──────── Input data
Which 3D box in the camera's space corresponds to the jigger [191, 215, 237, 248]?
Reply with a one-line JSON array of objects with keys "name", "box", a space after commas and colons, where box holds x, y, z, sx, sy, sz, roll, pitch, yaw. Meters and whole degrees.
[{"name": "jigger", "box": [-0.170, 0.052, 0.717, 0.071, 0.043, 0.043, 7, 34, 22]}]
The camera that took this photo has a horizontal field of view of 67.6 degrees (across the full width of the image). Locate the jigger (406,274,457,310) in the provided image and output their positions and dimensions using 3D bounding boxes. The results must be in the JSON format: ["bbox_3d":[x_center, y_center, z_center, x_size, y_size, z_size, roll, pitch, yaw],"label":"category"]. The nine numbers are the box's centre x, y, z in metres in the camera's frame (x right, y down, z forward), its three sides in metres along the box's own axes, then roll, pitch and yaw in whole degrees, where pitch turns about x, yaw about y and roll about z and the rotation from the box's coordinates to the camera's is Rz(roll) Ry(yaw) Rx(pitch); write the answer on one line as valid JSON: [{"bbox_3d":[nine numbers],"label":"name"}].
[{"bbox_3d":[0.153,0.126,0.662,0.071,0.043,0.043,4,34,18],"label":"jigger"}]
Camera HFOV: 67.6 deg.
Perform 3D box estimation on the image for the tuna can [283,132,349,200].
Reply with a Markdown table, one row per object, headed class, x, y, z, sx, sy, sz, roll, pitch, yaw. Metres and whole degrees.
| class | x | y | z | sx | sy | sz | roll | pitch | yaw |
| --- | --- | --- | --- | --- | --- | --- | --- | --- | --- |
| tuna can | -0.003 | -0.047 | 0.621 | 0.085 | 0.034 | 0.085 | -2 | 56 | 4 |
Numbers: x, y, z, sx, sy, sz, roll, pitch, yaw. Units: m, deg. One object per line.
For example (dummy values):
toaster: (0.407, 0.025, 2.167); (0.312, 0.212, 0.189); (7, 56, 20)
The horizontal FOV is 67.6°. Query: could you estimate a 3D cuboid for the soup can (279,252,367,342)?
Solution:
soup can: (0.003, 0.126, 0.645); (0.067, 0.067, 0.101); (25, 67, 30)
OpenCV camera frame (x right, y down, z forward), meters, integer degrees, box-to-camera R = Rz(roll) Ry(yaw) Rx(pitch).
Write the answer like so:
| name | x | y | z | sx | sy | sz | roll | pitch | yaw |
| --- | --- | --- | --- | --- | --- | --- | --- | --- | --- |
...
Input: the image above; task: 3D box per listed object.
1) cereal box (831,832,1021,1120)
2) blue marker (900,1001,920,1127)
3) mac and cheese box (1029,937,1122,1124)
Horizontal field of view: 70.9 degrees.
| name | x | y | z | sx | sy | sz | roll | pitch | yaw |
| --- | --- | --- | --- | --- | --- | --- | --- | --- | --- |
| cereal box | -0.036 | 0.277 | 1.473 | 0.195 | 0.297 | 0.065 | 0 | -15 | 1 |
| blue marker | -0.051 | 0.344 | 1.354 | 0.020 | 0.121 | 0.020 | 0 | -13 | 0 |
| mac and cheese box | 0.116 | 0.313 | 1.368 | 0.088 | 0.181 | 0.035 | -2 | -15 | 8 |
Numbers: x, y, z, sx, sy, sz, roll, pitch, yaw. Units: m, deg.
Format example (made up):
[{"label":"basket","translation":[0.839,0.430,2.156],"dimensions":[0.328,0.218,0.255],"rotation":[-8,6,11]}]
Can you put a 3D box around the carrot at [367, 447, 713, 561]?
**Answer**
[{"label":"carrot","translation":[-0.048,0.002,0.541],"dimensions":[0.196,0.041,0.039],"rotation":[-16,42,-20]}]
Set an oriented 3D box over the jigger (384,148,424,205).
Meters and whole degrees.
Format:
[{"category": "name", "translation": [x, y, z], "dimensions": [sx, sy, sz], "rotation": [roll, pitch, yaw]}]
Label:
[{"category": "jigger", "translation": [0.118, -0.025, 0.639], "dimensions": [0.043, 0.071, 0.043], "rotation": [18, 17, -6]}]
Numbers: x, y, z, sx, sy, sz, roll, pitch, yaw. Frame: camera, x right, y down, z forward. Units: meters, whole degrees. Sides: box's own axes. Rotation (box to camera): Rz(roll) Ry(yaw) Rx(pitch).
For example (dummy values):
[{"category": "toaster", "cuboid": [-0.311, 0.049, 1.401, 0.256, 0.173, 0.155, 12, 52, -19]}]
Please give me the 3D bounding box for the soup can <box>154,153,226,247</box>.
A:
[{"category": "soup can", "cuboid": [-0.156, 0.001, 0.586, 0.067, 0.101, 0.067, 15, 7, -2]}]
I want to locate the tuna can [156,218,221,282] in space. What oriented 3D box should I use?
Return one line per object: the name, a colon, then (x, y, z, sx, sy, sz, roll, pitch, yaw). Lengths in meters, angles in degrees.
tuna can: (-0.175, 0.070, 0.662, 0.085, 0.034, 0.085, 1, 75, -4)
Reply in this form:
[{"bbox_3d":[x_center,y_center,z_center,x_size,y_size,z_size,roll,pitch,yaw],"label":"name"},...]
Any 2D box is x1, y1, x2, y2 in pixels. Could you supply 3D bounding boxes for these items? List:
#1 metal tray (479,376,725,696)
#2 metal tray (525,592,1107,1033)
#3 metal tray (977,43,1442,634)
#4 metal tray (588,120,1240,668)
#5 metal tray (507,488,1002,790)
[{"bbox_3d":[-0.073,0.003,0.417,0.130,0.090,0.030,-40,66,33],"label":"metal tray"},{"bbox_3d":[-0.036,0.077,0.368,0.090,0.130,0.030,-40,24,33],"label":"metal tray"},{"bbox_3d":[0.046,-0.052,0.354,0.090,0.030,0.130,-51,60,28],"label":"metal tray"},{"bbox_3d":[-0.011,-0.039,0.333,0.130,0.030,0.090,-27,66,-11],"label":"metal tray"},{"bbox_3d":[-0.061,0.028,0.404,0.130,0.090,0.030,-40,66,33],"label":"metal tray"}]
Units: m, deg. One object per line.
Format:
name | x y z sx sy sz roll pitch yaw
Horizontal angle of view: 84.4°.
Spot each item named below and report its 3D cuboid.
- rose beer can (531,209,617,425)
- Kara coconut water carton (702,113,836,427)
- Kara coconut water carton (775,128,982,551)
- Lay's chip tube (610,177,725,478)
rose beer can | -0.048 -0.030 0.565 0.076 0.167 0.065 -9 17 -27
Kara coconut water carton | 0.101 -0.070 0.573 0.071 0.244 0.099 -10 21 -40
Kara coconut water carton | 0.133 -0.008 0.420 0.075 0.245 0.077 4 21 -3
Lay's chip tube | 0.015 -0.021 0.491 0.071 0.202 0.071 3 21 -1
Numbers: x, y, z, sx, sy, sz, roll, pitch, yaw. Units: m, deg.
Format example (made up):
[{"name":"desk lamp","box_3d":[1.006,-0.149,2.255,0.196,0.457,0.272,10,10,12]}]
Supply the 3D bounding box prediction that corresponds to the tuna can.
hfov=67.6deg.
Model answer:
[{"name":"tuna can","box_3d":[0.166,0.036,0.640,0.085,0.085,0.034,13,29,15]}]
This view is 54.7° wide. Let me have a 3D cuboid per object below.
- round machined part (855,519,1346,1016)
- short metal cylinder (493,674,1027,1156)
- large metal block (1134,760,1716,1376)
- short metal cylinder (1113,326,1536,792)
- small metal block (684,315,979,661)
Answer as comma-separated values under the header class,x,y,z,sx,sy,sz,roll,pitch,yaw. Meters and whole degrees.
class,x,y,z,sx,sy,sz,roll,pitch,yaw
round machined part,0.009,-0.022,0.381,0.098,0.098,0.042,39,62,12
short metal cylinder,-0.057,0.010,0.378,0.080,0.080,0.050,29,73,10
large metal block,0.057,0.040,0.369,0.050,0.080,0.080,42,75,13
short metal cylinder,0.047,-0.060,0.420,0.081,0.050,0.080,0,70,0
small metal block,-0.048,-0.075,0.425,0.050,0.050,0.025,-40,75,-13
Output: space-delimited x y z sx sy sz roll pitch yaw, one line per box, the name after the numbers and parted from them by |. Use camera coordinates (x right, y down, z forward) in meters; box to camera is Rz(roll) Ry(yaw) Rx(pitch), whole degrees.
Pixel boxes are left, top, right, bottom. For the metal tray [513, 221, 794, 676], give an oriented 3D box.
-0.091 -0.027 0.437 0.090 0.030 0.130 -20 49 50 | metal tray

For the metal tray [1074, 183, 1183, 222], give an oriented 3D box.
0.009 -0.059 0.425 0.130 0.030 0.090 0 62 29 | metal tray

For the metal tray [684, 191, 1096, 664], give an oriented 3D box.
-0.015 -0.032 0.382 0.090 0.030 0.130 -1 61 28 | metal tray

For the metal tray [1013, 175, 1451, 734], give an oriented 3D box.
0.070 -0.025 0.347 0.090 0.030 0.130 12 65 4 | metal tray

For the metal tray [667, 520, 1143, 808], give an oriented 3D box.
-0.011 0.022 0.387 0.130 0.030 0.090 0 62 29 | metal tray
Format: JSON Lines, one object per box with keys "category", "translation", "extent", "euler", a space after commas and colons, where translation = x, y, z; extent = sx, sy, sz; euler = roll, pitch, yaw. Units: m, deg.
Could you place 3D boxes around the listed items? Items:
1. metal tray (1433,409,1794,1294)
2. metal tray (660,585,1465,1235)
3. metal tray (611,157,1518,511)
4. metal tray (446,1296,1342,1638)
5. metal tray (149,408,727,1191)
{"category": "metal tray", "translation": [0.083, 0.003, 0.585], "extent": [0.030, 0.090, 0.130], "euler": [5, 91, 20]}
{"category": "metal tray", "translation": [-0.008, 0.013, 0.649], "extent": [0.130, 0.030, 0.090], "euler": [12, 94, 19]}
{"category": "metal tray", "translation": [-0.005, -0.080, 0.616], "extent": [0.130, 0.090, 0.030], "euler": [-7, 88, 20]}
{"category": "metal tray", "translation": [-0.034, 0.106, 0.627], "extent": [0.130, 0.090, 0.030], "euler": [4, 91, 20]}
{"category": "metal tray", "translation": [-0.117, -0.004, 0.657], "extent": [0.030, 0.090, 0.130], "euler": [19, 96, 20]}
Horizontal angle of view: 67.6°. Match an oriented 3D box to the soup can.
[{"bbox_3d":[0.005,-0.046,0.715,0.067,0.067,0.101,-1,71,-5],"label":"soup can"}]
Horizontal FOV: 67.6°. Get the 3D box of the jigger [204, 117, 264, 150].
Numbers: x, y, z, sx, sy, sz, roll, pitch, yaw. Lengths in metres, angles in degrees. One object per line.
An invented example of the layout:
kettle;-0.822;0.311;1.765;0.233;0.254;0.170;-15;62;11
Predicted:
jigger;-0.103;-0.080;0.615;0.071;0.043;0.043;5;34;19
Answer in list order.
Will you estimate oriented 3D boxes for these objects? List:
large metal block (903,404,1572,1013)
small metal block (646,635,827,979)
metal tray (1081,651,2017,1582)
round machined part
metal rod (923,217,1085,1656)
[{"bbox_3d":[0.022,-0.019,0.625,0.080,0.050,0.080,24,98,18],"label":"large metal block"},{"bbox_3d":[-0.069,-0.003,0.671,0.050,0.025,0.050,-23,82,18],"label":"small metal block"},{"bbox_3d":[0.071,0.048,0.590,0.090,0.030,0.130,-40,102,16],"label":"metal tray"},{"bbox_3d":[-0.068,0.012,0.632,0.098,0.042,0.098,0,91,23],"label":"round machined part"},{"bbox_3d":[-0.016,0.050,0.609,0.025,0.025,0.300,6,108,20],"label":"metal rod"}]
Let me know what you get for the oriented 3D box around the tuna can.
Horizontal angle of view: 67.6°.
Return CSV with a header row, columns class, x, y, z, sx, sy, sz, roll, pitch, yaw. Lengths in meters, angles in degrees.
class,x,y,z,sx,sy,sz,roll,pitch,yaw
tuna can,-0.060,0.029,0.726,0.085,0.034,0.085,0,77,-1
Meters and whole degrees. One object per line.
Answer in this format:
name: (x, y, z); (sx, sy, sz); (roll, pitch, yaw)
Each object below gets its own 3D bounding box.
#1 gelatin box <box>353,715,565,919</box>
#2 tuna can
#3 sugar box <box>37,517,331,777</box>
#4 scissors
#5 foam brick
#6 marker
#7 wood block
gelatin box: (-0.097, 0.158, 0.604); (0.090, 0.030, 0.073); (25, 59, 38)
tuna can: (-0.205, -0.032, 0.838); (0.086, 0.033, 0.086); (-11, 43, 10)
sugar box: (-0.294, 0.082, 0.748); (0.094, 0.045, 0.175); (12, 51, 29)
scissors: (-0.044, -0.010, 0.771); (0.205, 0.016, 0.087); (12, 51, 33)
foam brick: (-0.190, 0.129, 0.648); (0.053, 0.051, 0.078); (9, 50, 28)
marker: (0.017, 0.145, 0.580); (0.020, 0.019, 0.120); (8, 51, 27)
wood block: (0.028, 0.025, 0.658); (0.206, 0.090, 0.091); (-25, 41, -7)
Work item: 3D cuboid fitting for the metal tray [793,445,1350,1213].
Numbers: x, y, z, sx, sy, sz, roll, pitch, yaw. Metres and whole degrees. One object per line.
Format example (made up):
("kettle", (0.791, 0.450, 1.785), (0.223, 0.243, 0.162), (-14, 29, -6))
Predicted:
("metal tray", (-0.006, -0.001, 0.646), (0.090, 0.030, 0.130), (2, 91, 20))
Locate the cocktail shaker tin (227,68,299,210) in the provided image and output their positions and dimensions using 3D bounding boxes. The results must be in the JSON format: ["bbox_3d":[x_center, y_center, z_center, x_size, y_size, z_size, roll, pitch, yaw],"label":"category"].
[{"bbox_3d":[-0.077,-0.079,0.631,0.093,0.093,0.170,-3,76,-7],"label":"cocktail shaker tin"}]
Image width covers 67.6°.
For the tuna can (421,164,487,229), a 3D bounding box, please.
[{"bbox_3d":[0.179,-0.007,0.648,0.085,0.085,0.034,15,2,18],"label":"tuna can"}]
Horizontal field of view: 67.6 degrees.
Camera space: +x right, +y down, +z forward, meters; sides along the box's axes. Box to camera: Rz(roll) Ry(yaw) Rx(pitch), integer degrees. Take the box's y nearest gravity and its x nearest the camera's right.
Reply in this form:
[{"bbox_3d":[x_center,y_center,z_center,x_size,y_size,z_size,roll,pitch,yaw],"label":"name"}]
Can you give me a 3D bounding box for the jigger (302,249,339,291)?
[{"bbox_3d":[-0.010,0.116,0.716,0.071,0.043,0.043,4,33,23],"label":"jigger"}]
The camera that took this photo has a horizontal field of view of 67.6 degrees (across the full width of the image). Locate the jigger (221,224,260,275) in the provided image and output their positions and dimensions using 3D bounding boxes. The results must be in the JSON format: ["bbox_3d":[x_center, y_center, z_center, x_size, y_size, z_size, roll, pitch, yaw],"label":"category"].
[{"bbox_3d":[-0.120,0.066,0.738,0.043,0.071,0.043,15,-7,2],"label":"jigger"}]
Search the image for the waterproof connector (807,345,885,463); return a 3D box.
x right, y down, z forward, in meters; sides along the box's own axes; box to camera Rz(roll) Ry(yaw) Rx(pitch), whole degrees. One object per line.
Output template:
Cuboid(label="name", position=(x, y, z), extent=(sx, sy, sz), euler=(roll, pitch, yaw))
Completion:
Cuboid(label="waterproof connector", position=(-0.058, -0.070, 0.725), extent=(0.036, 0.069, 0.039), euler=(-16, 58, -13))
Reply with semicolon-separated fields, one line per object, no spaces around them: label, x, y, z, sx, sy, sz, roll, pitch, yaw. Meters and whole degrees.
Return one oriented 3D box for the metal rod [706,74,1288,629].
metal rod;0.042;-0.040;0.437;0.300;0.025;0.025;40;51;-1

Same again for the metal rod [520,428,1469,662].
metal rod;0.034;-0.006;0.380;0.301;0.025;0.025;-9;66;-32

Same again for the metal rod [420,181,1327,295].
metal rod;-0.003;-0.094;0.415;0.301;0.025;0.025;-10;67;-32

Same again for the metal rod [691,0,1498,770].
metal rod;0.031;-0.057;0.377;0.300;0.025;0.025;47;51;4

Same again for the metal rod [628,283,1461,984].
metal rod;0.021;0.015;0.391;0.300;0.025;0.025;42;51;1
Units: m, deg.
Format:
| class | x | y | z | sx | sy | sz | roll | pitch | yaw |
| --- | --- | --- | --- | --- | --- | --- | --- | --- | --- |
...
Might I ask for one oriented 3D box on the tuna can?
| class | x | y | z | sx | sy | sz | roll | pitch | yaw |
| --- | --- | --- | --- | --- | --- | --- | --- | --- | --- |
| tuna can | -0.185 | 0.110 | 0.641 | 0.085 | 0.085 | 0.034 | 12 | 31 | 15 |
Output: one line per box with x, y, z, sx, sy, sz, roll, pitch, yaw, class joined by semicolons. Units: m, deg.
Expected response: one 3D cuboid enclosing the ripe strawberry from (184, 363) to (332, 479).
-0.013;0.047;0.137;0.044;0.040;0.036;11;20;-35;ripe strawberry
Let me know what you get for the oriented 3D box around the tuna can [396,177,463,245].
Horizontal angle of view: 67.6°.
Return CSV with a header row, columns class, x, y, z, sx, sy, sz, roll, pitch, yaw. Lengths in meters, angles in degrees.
────────────────
**Prompt:** Write out exactly the lines that fall from the line with "#7 wood block" to the line with "Work item: 3D" in the records above, keeping both ends.

**Exercise output:**
#7 wood block
gelatin box: (-0.097, 0.158, 0.604); (0.090, 0.030, 0.073); (25, 59, 38)
tuna can: (-0.205, -0.032, 0.838); (0.086, 0.033, 0.086); (-11, 43, 10)
sugar box: (-0.294, 0.082, 0.748); (0.094, 0.045, 0.175); (12, 51, 29)
scissors: (-0.044, -0.010, 0.771); (0.205, 0.016, 0.087); (12, 51, 33)
foam brick: (-0.190, 0.129, 0.648); (0.053, 0.051, 0.078); (9, 50, 28)
marker: (0.017, 0.145, 0.580); (0.020, 0.019, 0.120); (8, 51, 27)
wood block: (0.028, 0.025, 0.658); (0.206, 0.090, 0.091); (-25, 41, -7)
Work item: 3D cuboid fitting for the metal tray [793,445,1350,1213].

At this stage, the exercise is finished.